In the absence of specific details written by legislators, the two other appeals judges who heard the case, Russell W. Bench and Carolyn B. McHugh, wrote that a father must state in his sworn affidavit at least "that he has a source of income and identify who will care forthe child while he is working to earn that income."
There is no requirement under Utah law that an unmarried mother detail a plan to care for her child or risk losing custody.
Thurnwald's attorney, Dan Drage, said Utah adoption law seems to assume all unmarried fathers want the child placed for adoption to avoid the heavy burden of child support payments.
He said when the occasional responsible and interested unmarried father comes along, his rights are often trounced.
"You've got more of a protectable interest when someone wants to repossess a vehicle or collect on a debt. They have to give you notice and give you a hearing, and all you're talking about is a television or an automobile," he said.
"But we're talking about a child here."
Drage said the court acknowledged that it was obvious Thurnwald expressed his desire to be a father at the time of his son's birth.
"He filed (an affidavit), he has fought hard, and there's no doubt what his intention all along was: 'I want to be the dad,' " Drage said.
"Now the court is saying, 'We know what your intention was, but you
didn't put it on paper.' We have a piece of paper, but it doesn't say
the magic words, and so his true intention is overlooked."
Utah Sen. Greg Bell, R-Fruit Heights, an attorney, recalled
Thurnwald's victory before the Utah Supreme Court in 2007.
In that battle, Thurnwald convinced the state's highest court that the Constitution requires that his paternity affidavit be accepted even though he missed the statutory 24-hour post-birth deadline.
Thurnwald's child was placed for adoption on a Sunday before Labor Day, so the earliest he could file his affidavit with the court was Tuesday.
The Utah Supreme Court changed the law from a 24-hour post-birth deadline to a one-business-day deadline on equal protection grounds.
"We really want to balance the legitimate interests of the father, the mother and the adoptive parents -- and the child," Bell said. "And we don't want legitimate interests defeated by a technicality."
At the center of the case is a child who has spent more than four years with an adoptive family and knows no other parents.
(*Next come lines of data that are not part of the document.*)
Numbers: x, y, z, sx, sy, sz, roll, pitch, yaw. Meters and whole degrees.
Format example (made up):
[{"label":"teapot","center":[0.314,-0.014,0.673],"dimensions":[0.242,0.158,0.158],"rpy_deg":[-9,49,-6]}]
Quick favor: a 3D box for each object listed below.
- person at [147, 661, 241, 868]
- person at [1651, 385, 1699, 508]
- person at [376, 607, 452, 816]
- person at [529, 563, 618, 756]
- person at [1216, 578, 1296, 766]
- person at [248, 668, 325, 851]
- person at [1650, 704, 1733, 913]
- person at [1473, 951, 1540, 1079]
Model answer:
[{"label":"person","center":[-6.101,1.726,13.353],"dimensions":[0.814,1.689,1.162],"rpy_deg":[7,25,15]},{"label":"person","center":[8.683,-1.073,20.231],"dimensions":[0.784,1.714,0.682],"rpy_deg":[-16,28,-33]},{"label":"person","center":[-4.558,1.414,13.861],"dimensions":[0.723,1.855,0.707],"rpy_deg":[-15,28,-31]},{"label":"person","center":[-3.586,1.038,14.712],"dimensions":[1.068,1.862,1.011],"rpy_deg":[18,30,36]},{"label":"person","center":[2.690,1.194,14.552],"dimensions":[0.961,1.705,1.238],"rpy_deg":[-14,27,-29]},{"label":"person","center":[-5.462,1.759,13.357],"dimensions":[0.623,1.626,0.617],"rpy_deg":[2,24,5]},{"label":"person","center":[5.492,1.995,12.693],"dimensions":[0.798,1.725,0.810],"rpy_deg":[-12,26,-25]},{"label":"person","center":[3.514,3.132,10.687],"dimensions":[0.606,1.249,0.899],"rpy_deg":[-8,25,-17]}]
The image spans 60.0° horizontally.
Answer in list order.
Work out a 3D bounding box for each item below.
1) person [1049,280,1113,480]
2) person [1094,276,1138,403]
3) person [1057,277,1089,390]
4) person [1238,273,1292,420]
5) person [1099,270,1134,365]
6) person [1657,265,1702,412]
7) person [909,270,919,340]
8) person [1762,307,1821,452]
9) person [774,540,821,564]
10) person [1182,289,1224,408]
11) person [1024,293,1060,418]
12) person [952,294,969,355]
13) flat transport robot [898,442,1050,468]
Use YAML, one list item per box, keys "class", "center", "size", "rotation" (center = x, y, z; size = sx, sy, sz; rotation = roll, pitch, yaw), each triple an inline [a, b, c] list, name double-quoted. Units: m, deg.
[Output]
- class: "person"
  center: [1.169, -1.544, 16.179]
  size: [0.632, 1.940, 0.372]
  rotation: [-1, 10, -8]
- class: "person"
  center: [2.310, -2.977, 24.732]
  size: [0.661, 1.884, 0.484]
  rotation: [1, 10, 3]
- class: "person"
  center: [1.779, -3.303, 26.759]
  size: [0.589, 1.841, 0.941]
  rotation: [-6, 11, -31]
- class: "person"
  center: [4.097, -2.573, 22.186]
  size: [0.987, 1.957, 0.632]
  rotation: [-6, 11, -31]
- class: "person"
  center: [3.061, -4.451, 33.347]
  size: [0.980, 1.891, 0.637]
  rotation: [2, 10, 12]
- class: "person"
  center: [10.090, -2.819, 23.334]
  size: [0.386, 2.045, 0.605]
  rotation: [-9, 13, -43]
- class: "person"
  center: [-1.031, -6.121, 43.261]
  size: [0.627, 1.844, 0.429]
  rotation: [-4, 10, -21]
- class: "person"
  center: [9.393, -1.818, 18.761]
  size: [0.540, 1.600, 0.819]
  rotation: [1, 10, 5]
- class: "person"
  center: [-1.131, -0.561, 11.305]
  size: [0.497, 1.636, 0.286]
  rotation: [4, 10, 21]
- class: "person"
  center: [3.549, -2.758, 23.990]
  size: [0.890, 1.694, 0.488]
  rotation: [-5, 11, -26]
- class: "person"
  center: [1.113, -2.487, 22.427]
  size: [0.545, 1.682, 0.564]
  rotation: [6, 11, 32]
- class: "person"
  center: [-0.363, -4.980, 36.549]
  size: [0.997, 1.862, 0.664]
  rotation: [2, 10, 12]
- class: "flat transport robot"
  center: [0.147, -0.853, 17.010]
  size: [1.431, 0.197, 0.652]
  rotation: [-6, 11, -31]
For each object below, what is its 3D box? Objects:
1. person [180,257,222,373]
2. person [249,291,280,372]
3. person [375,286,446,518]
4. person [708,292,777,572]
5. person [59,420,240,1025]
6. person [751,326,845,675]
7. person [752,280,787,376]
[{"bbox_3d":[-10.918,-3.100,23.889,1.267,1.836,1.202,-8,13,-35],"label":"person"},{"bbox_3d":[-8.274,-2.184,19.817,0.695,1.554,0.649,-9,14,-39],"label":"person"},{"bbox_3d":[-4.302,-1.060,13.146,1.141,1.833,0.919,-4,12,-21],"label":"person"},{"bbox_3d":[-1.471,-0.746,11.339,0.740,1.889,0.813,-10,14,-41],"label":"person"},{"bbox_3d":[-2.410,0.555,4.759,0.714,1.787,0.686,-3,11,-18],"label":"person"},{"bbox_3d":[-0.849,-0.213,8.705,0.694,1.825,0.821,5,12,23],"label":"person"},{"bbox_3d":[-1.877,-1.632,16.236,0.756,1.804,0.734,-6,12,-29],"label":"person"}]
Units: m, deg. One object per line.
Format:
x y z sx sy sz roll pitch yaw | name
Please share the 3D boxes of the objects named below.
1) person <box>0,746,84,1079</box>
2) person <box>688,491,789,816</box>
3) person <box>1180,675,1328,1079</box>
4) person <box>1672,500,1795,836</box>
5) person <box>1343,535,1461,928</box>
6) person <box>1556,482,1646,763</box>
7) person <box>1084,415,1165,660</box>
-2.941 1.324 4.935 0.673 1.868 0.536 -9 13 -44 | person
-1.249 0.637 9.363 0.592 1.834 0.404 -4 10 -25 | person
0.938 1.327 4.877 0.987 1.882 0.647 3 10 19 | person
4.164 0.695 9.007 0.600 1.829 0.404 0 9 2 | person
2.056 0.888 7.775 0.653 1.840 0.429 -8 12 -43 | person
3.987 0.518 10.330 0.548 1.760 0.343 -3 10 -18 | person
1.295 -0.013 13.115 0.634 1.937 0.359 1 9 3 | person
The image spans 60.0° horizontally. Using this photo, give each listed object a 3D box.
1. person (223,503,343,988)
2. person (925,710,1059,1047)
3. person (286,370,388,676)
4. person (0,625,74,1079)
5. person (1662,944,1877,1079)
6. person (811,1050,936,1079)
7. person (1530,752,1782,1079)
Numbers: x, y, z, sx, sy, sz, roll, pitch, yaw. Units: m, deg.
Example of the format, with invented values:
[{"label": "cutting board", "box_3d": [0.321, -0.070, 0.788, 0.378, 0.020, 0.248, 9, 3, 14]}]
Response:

The court calls him Baby Boy Doe.
Had the court decided in Thurnwald's favor, an analysis of the best interests of the child may have been performed for the first time in the case.
Adam Pertman, of the Evan B. Donaldson Adoption Institute, said that's too late to consider what's best for children.
He said he's unfamiliar with the Thurnwald case, so he could not comment on the merits of the complaint, but said men are often treated unfairly in adoption law.
"These laws can cause as many problems as they resolve," he said. "These laws are not well-understood and they are not well-publicized,but then men are expected to have followed them really well."
Pertman also said a case such as Thurnwald's should be expedited so
that it doesn't take four years to decide.
Davis acknowledged that not knowing the "magic words," as Drage called them, put Thurnwald in an impossible bind.
"The lead opinion clearly observes that N.T.'s petitions are utterly deficient in 'setting forth his plans for care of the child,' " Davis wrote.
"It is entirely unclear, however, precisely what N.T. could have -- or should have -- done differently that would have yielded a different result in this case."